Dyfed-Powys detective chief inspector Huw Davies, the senior investigating officer in the case said: "Dyfed-Powys Police, with support from other forces and partner agencies, in particular the Crown Prosecution Service, has disrupted a significant criminal network that was operating throughout the UK.


"This is a tremendous result not only for Dyfed-Powys Police, but for the communities we serve. It is testament to the expertise and dedication of the force's serious organised crime Team.
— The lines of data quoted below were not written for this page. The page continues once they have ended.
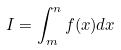Convert formula to latex. <formula><loc_0><loc_0><loc_500><loc_500>I = \int _ { m } ^ { n } f ( x ) d x</formula> 
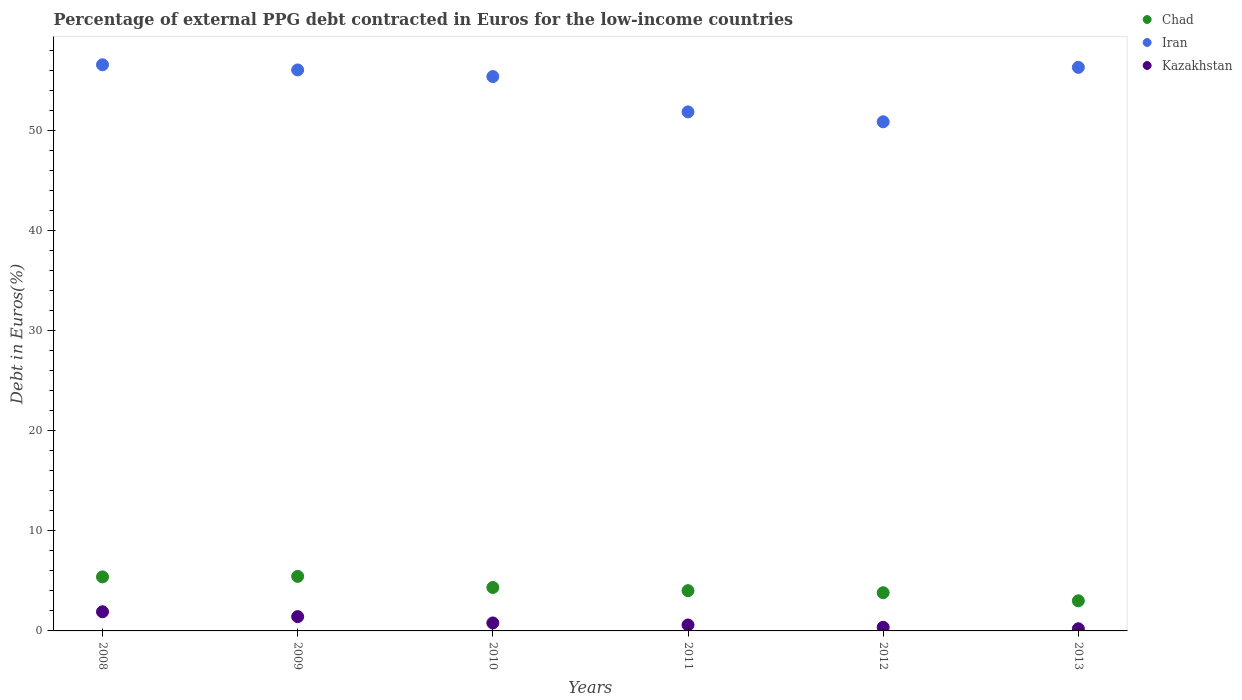Is the number of dotlines equal to the number of legend labels?
Provide a succinct answer. Yes. What is the percentage of external PPG debt contracted in Euros in Chad in 2012?
Your answer should be very brief. 3.82. Across all years, what is the maximum percentage of external PPG debt contracted in Euros in Iran?
Keep it short and to the point. 56.53. Across all years, what is the minimum percentage of external PPG debt contracted in Euros in Chad?
Your response must be concise. 3.01. In which year was the percentage of external PPG debt contracted in Euros in Kazakhstan maximum?
Your answer should be compact. 2008. What is the total percentage of external PPG debt contracted in Euros in Chad in the graph?
Provide a short and direct response. 26.02. What is the difference between the percentage of external PPG debt contracted in Euros in Iran in 2009 and that in 2011?
Keep it short and to the point. 4.19. What is the difference between the percentage of external PPG debt contracted in Euros in Iran in 2011 and the percentage of external PPG debt contracted in Euros in Kazakhstan in 2012?
Your answer should be very brief. 51.47. What is the average percentage of external PPG debt contracted in Euros in Kazakhstan per year?
Provide a short and direct response. 0.88. In the year 2012, what is the difference between the percentage of external PPG debt contracted in Euros in Chad and percentage of external PPG debt contracted in Euros in Iran?
Give a very brief answer. -47.02. In how many years, is the percentage of external PPG debt contracted in Euros in Chad greater than 42 %?
Give a very brief answer. 0. What is the ratio of the percentage of external PPG debt contracted in Euros in Chad in 2010 to that in 2011?
Provide a succinct answer. 1.08. Is the percentage of external PPG debt contracted in Euros in Chad in 2009 less than that in 2012?
Provide a succinct answer. No. Is the difference between the percentage of external PPG debt contracted in Euros in Chad in 2011 and 2013 greater than the difference between the percentage of external PPG debt contracted in Euros in Iran in 2011 and 2013?
Provide a short and direct response. Yes. What is the difference between the highest and the second highest percentage of external PPG debt contracted in Euros in Chad?
Keep it short and to the point. 0.05. What is the difference between the highest and the lowest percentage of external PPG debt contracted in Euros in Kazakhstan?
Your response must be concise. 1.7. Is the percentage of external PPG debt contracted in Euros in Iran strictly greater than the percentage of external PPG debt contracted in Euros in Chad over the years?
Provide a succinct answer. Yes. How many years are there in the graph?
Offer a terse response. 6. What is the difference between two consecutive major ticks on the Y-axis?
Make the answer very short. 10. Does the graph contain any zero values?
Offer a terse response. No. Does the graph contain grids?
Provide a succinct answer. No. How many legend labels are there?
Offer a very short reply. 3. How are the legend labels stacked?
Make the answer very short. Vertical. What is the title of the graph?
Your answer should be compact. Percentage of external PPG debt contracted in Euros for the low-income countries. Does "Antigua and Barbuda" appear as one of the legend labels in the graph?
Offer a terse response. No. What is the label or title of the X-axis?
Provide a short and direct response. Years. What is the label or title of the Y-axis?
Provide a succinct answer. Debt in Euros(%). What is the Debt in Euros(%) of Chad in 2008?
Your response must be concise. 5.39. What is the Debt in Euros(%) of Iran in 2008?
Provide a short and direct response. 56.53. What is the Debt in Euros(%) of Kazakhstan in 2008?
Offer a terse response. 1.91. What is the Debt in Euros(%) of Chad in 2009?
Provide a short and direct response. 5.44. What is the Debt in Euros(%) in Iran in 2009?
Offer a very short reply. 56.01. What is the Debt in Euros(%) in Kazakhstan in 2009?
Your response must be concise. 1.43. What is the Debt in Euros(%) of Chad in 2010?
Keep it short and to the point. 4.34. What is the Debt in Euros(%) of Iran in 2010?
Provide a short and direct response. 55.35. What is the Debt in Euros(%) in Kazakhstan in 2010?
Ensure brevity in your answer.  0.8. What is the Debt in Euros(%) in Chad in 2011?
Your response must be concise. 4.02. What is the Debt in Euros(%) in Iran in 2011?
Provide a short and direct response. 51.83. What is the Debt in Euros(%) of Kazakhstan in 2011?
Keep it short and to the point. 0.59. What is the Debt in Euros(%) of Chad in 2012?
Keep it short and to the point. 3.82. What is the Debt in Euros(%) of Iran in 2012?
Keep it short and to the point. 50.84. What is the Debt in Euros(%) of Kazakhstan in 2012?
Your response must be concise. 0.36. What is the Debt in Euros(%) in Chad in 2013?
Your answer should be compact. 3.01. What is the Debt in Euros(%) of Iran in 2013?
Keep it short and to the point. 56.27. What is the Debt in Euros(%) of Kazakhstan in 2013?
Ensure brevity in your answer.  0.21. Across all years, what is the maximum Debt in Euros(%) in Chad?
Provide a succinct answer. 5.44. Across all years, what is the maximum Debt in Euros(%) in Iran?
Ensure brevity in your answer.  56.53. Across all years, what is the maximum Debt in Euros(%) in Kazakhstan?
Ensure brevity in your answer.  1.91. Across all years, what is the minimum Debt in Euros(%) in Chad?
Provide a short and direct response. 3.01. Across all years, what is the minimum Debt in Euros(%) of Iran?
Offer a terse response. 50.84. Across all years, what is the minimum Debt in Euros(%) in Kazakhstan?
Make the answer very short. 0.21. What is the total Debt in Euros(%) of Chad in the graph?
Give a very brief answer. 26.02. What is the total Debt in Euros(%) in Iran in the graph?
Your answer should be compact. 326.84. What is the total Debt in Euros(%) of Kazakhstan in the graph?
Ensure brevity in your answer.  5.31. What is the difference between the Debt in Euros(%) in Chad in 2008 and that in 2009?
Your answer should be very brief. -0.05. What is the difference between the Debt in Euros(%) of Iran in 2008 and that in 2009?
Your response must be concise. 0.52. What is the difference between the Debt in Euros(%) in Kazakhstan in 2008 and that in 2009?
Make the answer very short. 0.49. What is the difference between the Debt in Euros(%) in Chad in 2008 and that in 2010?
Provide a short and direct response. 1.06. What is the difference between the Debt in Euros(%) in Iran in 2008 and that in 2010?
Your answer should be compact. 1.18. What is the difference between the Debt in Euros(%) of Kazakhstan in 2008 and that in 2010?
Make the answer very short. 1.12. What is the difference between the Debt in Euros(%) of Chad in 2008 and that in 2011?
Your answer should be very brief. 1.37. What is the difference between the Debt in Euros(%) of Iran in 2008 and that in 2011?
Your answer should be compact. 4.7. What is the difference between the Debt in Euros(%) in Kazakhstan in 2008 and that in 2011?
Ensure brevity in your answer.  1.32. What is the difference between the Debt in Euros(%) of Chad in 2008 and that in 2012?
Give a very brief answer. 1.58. What is the difference between the Debt in Euros(%) in Iran in 2008 and that in 2012?
Provide a succinct answer. 5.69. What is the difference between the Debt in Euros(%) in Kazakhstan in 2008 and that in 2012?
Keep it short and to the point. 1.55. What is the difference between the Debt in Euros(%) in Chad in 2008 and that in 2013?
Your answer should be very brief. 2.39. What is the difference between the Debt in Euros(%) in Iran in 2008 and that in 2013?
Offer a very short reply. 0.26. What is the difference between the Debt in Euros(%) in Kazakhstan in 2008 and that in 2013?
Your answer should be very brief. 1.7. What is the difference between the Debt in Euros(%) in Chad in 2009 and that in 2010?
Provide a short and direct response. 1.11. What is the difference between the Debt in Euros(%) in Iran in 2009 and that in 2010?
Your answer should be compact. 0.66. What is the difference between the Debt in Euros(%) in Kazakhstan in 2009 and that in 2010?
Make the answer very short. 0.63. What is the difference between the Debt in Euros(%) of Chad in 2009 and that in 2011?
Provide a short and direct response. 1.42. What is the difference between the Debt in Euros(%) of Iran in 2009 and that in 2011?
Your answer should be very brief. 4.19. What is the difference between the Debt in Euros(%) in Kazakhstan in 2009 and that in 2011?
Offer a terse response. 0.83. What is the difference between the Debt in Euros(%) of Chad in 2009 and that in 2012?
Provide a short and direct response. 1.63. What is the difference between the Debt in Euros(%) in Iran in 2009 and that in 2012?
Provide a succinct answer. 5.18. What is the difference between the Debt in Euros(%) of Kazakhstan in 2009 and that in 2012?
Your response must be concise. 1.06. What is the difference between the Debt in Euros(%) of Chad in 2009 and that in 2013?
Provide a short and direct response. 2.44. What is the difference between the Debt in Euros(%) of Iran in 2009 and that in 2013?
Your response must be concise. -0.26. What is the difference between the Debt in Euros(%) of Kazakhstan in 2009 and that in 2013?
Ensure brevity in your answer.  1.21. What is the difference between the Debt in Euros(%) of Chad in 2010 and that in 2011?
Your answer should be compact. 0.31. What is the difference between the Debt in Euros(%) in Iran in 2010 and that in 2011?
Offer a very short reply. 3.53. What is the difference between the Debt in Euros(%) in Kazakhstan in 2010 and that in 2011?
Offer a terse response. 0.2. What is the difference between the Debt in Euros(%) in Chad in 2010 and that in 2012?
Keep it short and to the point. 0.52. What is the difference between the Debt in Euros(%) in Iran in 2010 and that in 2012?
Give a very brief answer. 4.52. What is the difference between the Debt in Euros(%) in Kazakhstan in 2010 and that in 2012?
Your answer should be compact. 0.43. What is the difference between the Debt in Euros(%) of Chad in 2010 and that in 2013?
Offer a very short reply. 1.33. What is the difference between the Debt in Euros(%) in Iran in 2010 and that in 2013?
Offer a terse response. -0.92. What is the difference between the Debt in Euros(%) in Kazakhstan in 2010 and that in 2013?
Make the answer very short. 0.58. What is the difference between the Debt in Euros(%) in Chad in 2011 and that in 2012?
Make the answer very short. 0.21. What is the difference between the Debt in Euros(%) in Kazakhstan in 2011 and that in 2012?
Keep it short and to the point. 0.23. What is the difference between the Debt in Euros(%) of Chad in 2011 and that in 2013?
Give a very brief answer. 1.01. What is the difference between the Debt in Euros(%) in Iran in 2011 and that in 2013?
Your response must be concise. -4.44. What is the difference between the Debt in Euros(%) in Kazakhstan in 2011 and that in 2013?
Provide a succinct answer. 0.38. What is the difference between the Debt in Euros(%) of Chad in 2012 and that in 2013?
Your response must be concise. 0.81. What is the difference between the Debt in Euros(%) in Iran in 2012 and that in 2013?
Provide a succinct answer. -5.43. What is the difference between the Debt in Euros(%) in Kazakhstan in 2012 and that in 2013?
Ensure brevity in your answer.  0.15. What is the difference between the Debt in Euros(%) in Chad in 2008 and the Debt in Euros(%) in Iran in 2009?
Provide a succinct answer. -50.62. What is the difference between the Debt in Euros(%) in Chad in 2008 and the Debt in Euros(%) in Kazakhstan in 2009?
Offer a very short reply. 3.97. What is the difference between the Debt in Euros(%) in Iran in 2008 and the Debt in Euros(%) in Kazakhstan in 2009?
Provide a succinct answer. 55.1. What is the difference between the Debt in Euros(%) in Chad in 2008 and the Debt in Euros(%) in Iran in 2010?
Provide a short and direct response. -49.96. What is the difference between the Debt in Euros(%) in Chad in 2008 and the Debt in Euros(%) in Kazakhstan in 2010?
Offer a terse response. 4.6. What is the difference between the Debt in Euros(%) in Iran in 2008 and the Debt in Euros(%) in Kazakhstan in 2010?
Make the answer very short. 55.73. What is the difference between the Debt in Euros(%) of Chad in 2008 and the Debt in Euros(%) of Iran in 2011?
Provide a succinct answer. -46.43. What is the difference between the Debt in Euros(%) in Chad in 2008 and the Debt in Euros(%) in Kazakhstan in 2011?
Ensure brevity in your answer.  4.8. What is the difference between the Debt in Euros(%) of Iran in 2008 and the Debt in Euros(%) of Kazakhstan in 2011?
Your answer should be very brief. 55.94. What is the difference between the Debt in Euros(%) of Chad in 2008 and the Debt in Euros(%) of Iran in 2012?
Your response must be concise. -45.44. What is the difference between the Debt in Euros(%) of Chad in 2008 and the Debt in Euros(%) of Kazakhstan in 2012?
Offer a very short reply. 5.03. What is the difference between the Debt in Euros(%) of Iran in 2008 and the Debt in Euros(%) of Kazakhstan in 2012?
Keep it short and to the point. 56.17. What is the difference between the Debt in Euros(%) of Chad in 2008 and the Debt in Euros(%) of Iran in 2013?
Your response must be concise. -50.88. What is the difference between the Debt in Euros(%) of Chad in 2008 and the Debt in Euros(%) of Kazakhstan in 2013?
Provide a short and direct response. 5.18. What is the difference between the Debt in Euros(%) in Iran in 2008 and the Debt in Euros(%) in Kazakhstan in 2013?
Your answer should be very brief. 56.32. What is the difference between the Debt in Euros(%) of Chad in 2009 and the Debt in Euros(%) of Iran in 2010?
Make the answer very short. -49.91. What is the difference between the Debt in Euros(%) in Chad in 2009 and the Debt in Euros(%) in Kazakhstan in 2010?
Your response must be concise. 4.65. What is the difference between the Debt in Euros(%) in Iran in 2009 and the Debt in Euros(%) in Kazakhstan in 2010?
Provide a succinct answer. 55.22. What is the difference between the Debt in Euros(%) in Chad in 2009 and the Debt in Euros(%) in Iran in 2011?
Give a very brief answer. -46.38. What is the difference between the Debt in Euros(%) in Chad in 2009 and the Debt in Euros(%) in Kazakhstan in 2011?
Provide a short and direct response. 4.85. What is the difference between the Debt in Euros(%) in Iran in 2009 and the Debt in Euros(%) in Kazakhstan in 2011?
Your answer should be compact. 55.42. What is the difference between the Debt in Euros(%) in Chad in 2009 and the Debt in Euros(%) in Iran in 2012?
Provide a succinct answer. -45.39. What is the difference between the Debt in Euros(%) in Chad in 2009 and the Debt in Euros(%) in Kazakhstan in 2012?
Offer a terse response. 5.08. What is the difference between the Debt in Euros(%) in Iran in 2009 and the Debt in Euros(%) in Kazakhstan in 2012?
Provide a short and direct response. 55.65. What is the difference between the Debt in Euros(%) of Chad in 2009 and the Debt in Euros(%) of Iran in 2013?
Your answer should be very brief. -50.83. What is the difference between the Debt in Euros(%) of Chad in 2009 and the Debt in Euros(%) of Kazakhstan in 2013?
Provide a short and direct response. 5.23. What is the difference between the Debt in Euros(%) in Iran in 2009 and the Debt in Euros(%) in Kazakhstan in 2013?
Make the answer very short. 55.8. What is the difference between the Debt in Euros(%) in Chad in 2010 and the Debt in Euros(%) in Iran in 2011?
Your response must be concise. -47.49. What is the difference between the Debt in Euros(%) of Chad in 2010 and the Debt in Euros(%) of Kazakhstan in 2011?
Offer a very short reply. 3.74. What is the difference between the Debt in Euros(%) in Iran in 2010 and the Debt in Euros(%) in Kazakhstan in 2011?
Ensure brevity in your answer.  54.76. What is the difference between the Debt in Euros(%) of Chad in 2010 and the Debt in Euros(%) of Iran in 2012?
Make the answer very short. -46.5. What is the difference between the Debt in Euros(%) in Chad in 2010 and the Debt in Euros(%) in Kazakhstan in 2012?
Ensure brevity in your answer.  3.97. What is the difference between the Debt in Euros(%) of Iran in 2010 and the Debt in Euros(%) of Kazakhstan in 2012?
Make the answer very short. 54.99. What is the difference between the Debt in Euros(%) of Chad in 2010 and the Debt in Euros(%) of Iran in 2013?
Provide a succinct answer. -51.94. What is the difference between the Debt in Euros(%) in Chad in 2010 and the Debt in Euros(%) in Kazakhstan in 2013?
Make the answer very short. 4.12. What is the difference between the Debt in Euros(%) of Iran in 2010 and the Debt in Euros(%) of Kazakhstan in 2013?
Give a very brief answer. 55.14. What is the difference between the Debt in Euros(%) of Chad in 2011 and the Debt in Euros(%) of Iran in 2012?
Provide a short and direct response. -46.82. What is the difference between the Debt in Euros(%) of Chad in 2011 and the Debt in Euros(%) of Kazakhstan in 2012?
Your response must be concise. 3.66. What is the difference between the Debt in Euros(%) of Iran in 2011 and the Debt in Euros(%) of Kazakhstan in 2012?
Make the answer very short. 51.47. What is the difference between the Debt in Euros(%) in Chad in 2011 and the Debt in Euros(%) in Iran in 2013?
Ensure brevity in your answer.  -52.25. What is the difference between the Debt in Euros(%) in Chad in 2011 and the Debt in Euros(%) in Kazakhstan in 2013?
Provide a short and direct response. 3.81. What is the difference between the Debt in Euros(%) of Iran in 2011 and the Debt in Euros(%) of Kazakhstan in 2013?
Provide a succinct answer. 51.61. What is the difference between the Debt in Euros(%) of Chad in 2012 and the Debt in Euros(%) of Iran in 2013?
Provide a succinct answer. -52.46. What is the difference between the Debt in Euros(%) in Chad in 2012 and the Debt in Euros(%) in Kazakhstan in 2013?
Keep it short and to the point. 3.6. What is the difference between the Debt in Euros(%) in Iran in 2012 and the Debt in Euros(%) in Kazakhstan in 2013?
Your answer should be very brief. 50.62. What is the average Debt in Euros(%) in Chad per year?
Your answer should be very brief. 4.34. What is the average Debt in Euros(%) of Iran per year?
Keep it short and to the point. 54.47. What is the average Debt in Euros(%) in Kazakhstan per year?
Keep it short and to the point. 0.88. In the year 2008, what is the difference between the Debt in Euros(%) of Chad and Debt in Euros(%) of Iran?
Keep it short and to the point. -51.14. In the year 2008, what is the difference between the Debt in Euros(%) in Chad and Debt in Euros(%) in Kazakhstan?
Your response must be concise. 3.48. In the year 2008, what is the difference between the Debt in Euros(%) in Iran and Debt in Euros(%) in Kazakhstan?
Give a very brief answer. 54.62. In the year 2009, what is the difference between the Debt in Euros(%) of Chad and Debt in Euros(%) of Iran?
Offer a terse response. -50.57. In the year 2009, what is the difference between the Debt in Euros(%) in Chad and Debt in Euros(%) in Kazakhstan?
Your answer should be compact. 4.02. In the year 2009, what is the difference between the Debt in Euros(%) of Iran and Debt in Euros(%) of Kazakhstan?
Provide a short and direct response. 54.59. In the year 2010, what is the difference between the Debt in Euros(%) of Chad and Debt in Euros(%) of Iran?
Ensure brevity in your answer.  -51.02. In the year 2010, what is the difference between the Debt in Euros(%) in Chad and Debt in Euros(%) in Kazakhstan?
Your answer should be compact. 3.54. In the year 2010, what is the difference between the Debt in Euros(%) of Iran and Debt in Euros(%) of Kazakhstan?
Your answer should be very brief. 54.56. In the year 2011, what is the difference between the Debt in Euros(%) in Chad and Debt in Euros(%) in Iran?
Your response must be concise. -47.81. In the year 2011, what is the difference between the Debt in Euros(%) in Chad and Debt in Euros(%) in Kazakhstan?
Provide a short and direct response. 3.43. In the year 2011, what is the difference between the Debt in Euros(%) in Iran and Debt in Euros(%) in Kazakhstan?
Offer a very short reply. 51.23. In the year 2012, what is the difference between the Debt in Euros(%) of Chad and Debt in Euros(%) of Iran?
Give a very brief answer. -47.02. In the year 2012, what is the difference between the Debt in Euros(%) in Chad and Debt in Euros(%) in Kazakhstan?
Provide a short and direct response. 3.45. In the year 2012, what is the difference between the Debt in Euros(%) of Iran and Debt in Euros(%) of Kazakhstan?
Make the answer very short. 50.47. In the year 2013, what is the difference between the Debt in Euros(%) of Chad and Debt in Euros(%) of Iran?
Offer a very short reply. -53.26. In the year 2013, what is the difference between the Debt in Euros(%) in Chad and Debt in Euros(%) in Kazakhstan?
Provide a succinct answer. 2.79. In the year 2013, what is the difference between the Debt in Euros(%) of Iran and Debt in Euros(%) of Kazakhstan?
Ensure brevity in your answer.  56.06. What is the ratio of the Debt in Euros(%) of Chad in 2008 to that in 2009?
Provide a succinct answer. 0.99. What is the ratio of the Debt in Euros(%) of Iran in 2008 to that in 2009?
Offer a terse response. 1.01. What is the ratio of the Debt in Euros(%) in Kazakhstan in 2008 to that in 2009?
Keep it short and to the point. 1.34. What is the ratio of the Debt in Euros(%) in Chad in 2008 to that in 2010?
Provide a short and direct response. 1.24. What is the ratio of the Debt in Euros(%) of Iran in 2008 to that in 2010?
Give a very brief answer. 1.02. What is the ratio of the Debt in Euros(%) of Kazakhstan in 2008 to that in 2010?
Offer a terse response. 2.4. What is the ratio of the Debt in Euros(%) of Chad in 2008 to that in 2011?
Offer a terse response. 1.34. What is the ratio of the Debt in Euros(%) in Iran in 2008 to that in 2011?
Provide a short and direct response. 1.09. What is the ratio of the Debt in Euros(%) of Kazakhstan in 2008 to that in 2011?
Give a very brief answer. 3.22. What is the ratio of the Debt in Euros(%) of Chad in 2008 to that in 2012?
Your answer should be very brief. 1.41. What is the ratio of the Debt in Euros(%) in Iran in 2008 to that in 2012?
Provide a short and direct response. 1.11. What is the ratio of the Debt in Euros(%) of Kazakhstan in 2008 to that in 2012?
Ensure brevity in your answer.  5.28. What is the ratio of the Debt in Euros(%) of Chad in 2008 to that in 2013?
Offer a very short reply. 1.79. What is the ratio of the Debt in Euros(%) of Iran in 2008 to that in 2013?
Provide a short and direct response. 1. What is the ratio of the Debt in Euros(%) in Kazakhstan in 2008 to that in 2013?
Ensure brevity in your answer.  8.93. What is the ratio of the Debt in Euros(%) of Chad in 2009 to that in 2010?
Offer a very short reply. 1.26. What is the ratio of the Debt in Euros(%) of Iran in 2009 to that in 2010?
Your answer should be very brief. 1.01. What is the ratio of the Debt in Euros(%) in Kazakhstan in 2009 to that in 2010?
Make the answer very short. 1.79. What is the ratio of the Debt in Euros(%) in Chad in 2009 to that in 2011?
Offer a very short reply. 1.35. What is the ratio of the Debt in Euros(%) of Iran in 2009 to that in 2011?
Provide a succinct answer. 1.08. What is the ratio of the Debt in Euros(%) in Kazakhstan in 2009 to that in 2011?
Provide a succinct answer. 2.4. What is the ratio of the Debt in Euros(%) of Chad in 2009 to that in 2012?
Make the answer very short. 1.43. What is the ratio of the Debt in Euros(%) in Iran in 2009 to that in 2012?
Your response must be concise. 1.1. What is the ratio of the Debt in Euros(%) in Kazakhstan in 2009 to that in 2012?
Ensure brevity in your answer.  3.93. What is the ratio of the Debt in Euros(%) of Chad in 2009 to that in 2013?
Offer a terse response. 1.81. What is the ratio of the Debt in Euros(%) of Kazakhstan in 2009 to that in 2013?
Offer a very short reply. 6.66. What is the ratio of the Debt in Euros(%) in Chad in 2010 to that in 2011?
Give a very brief answer. 1.08. What is the ratio of the Debt in Euros(%) of Iran in 2010 to that in 2011?
Offer a terse response. 1.07. What is the ratio of the Debt in Euros(%) of Kazakhstan in 2010 to that in 2011?
Ensure brevity in your answer.  1.34. What is the ratio of the Debt in Euros(%) in Chad in 2010 to that in 2012?
Ensure brevity in your answer.  1.14. What is the ratio of the Debt in Euros(%) of Iran in 2010 to that in 2012?
Make the answer very short. 1.09. What is the ratio of the Debt in Euros(%) in Kazakhstan in 2010 to that in 2012?
Keep it short and to the point. 2.2. What is the ratio of the Debt in Euros(%) of Chad in 2010 to that in 2013?
Offer a very short reply. 1.44. What is the ratio of the Debt in Euros(%) of Iran in 2010 to that in 2013?
Offer a terse response. 0.98. What is the ratio of the Debt in Euros(%) of Kazakhstan in 2010 to that in 2013?
Offer a terse response. 3.71. What is the ratio of the Debt in Euros(%) in Chad in 2011 to that in 2012?
Give a very brief answer. 1.05. What is the ratio of the Debt in Euros(%) of Iran in 2011 to that in 2012?
Offer a terse response. 1.02. What is the ratio of the Debt in Euros(%) in Kazakhstan in 2011 to that in 2012?
Ensure brevity in your answer.  1.64. What is the ratio of the Debt in Euros(%) of Chad in 2011 to that in 2013?
Provide a succinct answer. 1.34. What is the ratio of the Debt in Euros(%) in Iran in 2011 to that in 2013?
Your response must be concise. 0.92. What is the ratio of the Debt in Euros(%) in Kazakhstan in 2011 to that in 2013?
Keep it short and to the point. 2.77. What is the ratio of the Debt in Euros(%) in Chad in 2012 to that in 2013?
Your response must be concise. 1.27. What is the ratio of the Debt in Euros(%) of Iran in 2012 to that in 2013?
Offer a terse response. 0.9. What is the ratio of the Debt in Euros(%) of Kazakhstan in 2012 to that in 2013?
Provide a short and direct response. 1.69. What is the difference between the highest and the second highest Debt in Euros(%) of Chad?
Ensure brevity in your answer.  0.05. What is the difference between the highest and the second highest Debt in Euros(%) in Iran?
Keep it short and to the point. 0.26. What is the difference between the highest and the second highest Debt in Euros(%) of Kazakhstan?
Make the answer very short. 0.49. What is the difference between the highest and the lowest Debt in Euros(%) in Chad?
Offer a very short reply. 2.44. What is the difference between the highest and the lowest Debt in Euros(%) of Iran?
Offer a very short reply. 5.69. What is the difference between the highest and the lowest Debt in Euros(%) of Kazakhstan?
Offer a very short reply. 1.7.

"Any other criminal groups thinking of targeting the Dyfed-Powys area should think again — we may police a largely rural, traditional area, but we have excellent detectives all committed to making sure our communities are not adversely affected by serious criminal groups such as these."


He added: "May I also thank the members of the public who provided vital information during the course of the investigation. The role members of the public play in making their own communities safer and bringing people to justice should not be under-estimated."


From November 2014 to November 2015 members of the gang made dozens of trips between Liverpool and Swansea, transporting high purity cocaine to South West Wales.They operated from safe houses in Vera Road, Clydach, in Lon Masarn, Tycoch, Swansea, and in Y Corsydd, Machynys, Llanelli, and used dozens of disposable mobile phones and frequently switched vehicles in an attempt the throw police off their scent.

But they didn't realise detectives had cracked the trafficking operation.




Detectives found a 25kg barrel of benzocaine - used to 'cut' cocaine ready for street deals - in a garage on Brondeg in Manselton

Once police had gathered enough evidence the arrest phase of Operation Phobos began, with suspects picked up at locations around the UK from Swansea to Manchester Airport, where one of the gang was preparing to board a one-way flight to Tenerife.

Jonathan Bushell, head of CPS Cymru-Wales' complex casework unit, said: "This operation targeted an extensive and highly-organised network of criminals who were involved in the supply of very large quantities of cocaine.

"Each defendant in this case had a distinct role within the group and each therefore bears responsibility for bringing misery to the communities they supplied.

"Together they preyed on those in the grip of addiction, who often turn to other types of crime to support their habit."

At the end of the case at Swansea Crown Court, Judge Paul Thomas QC praised the "quite exceptional" investigation, which he said had been of the "absolutely highest order".

He added the public owed those involved in bringing the gang to justice a great debt.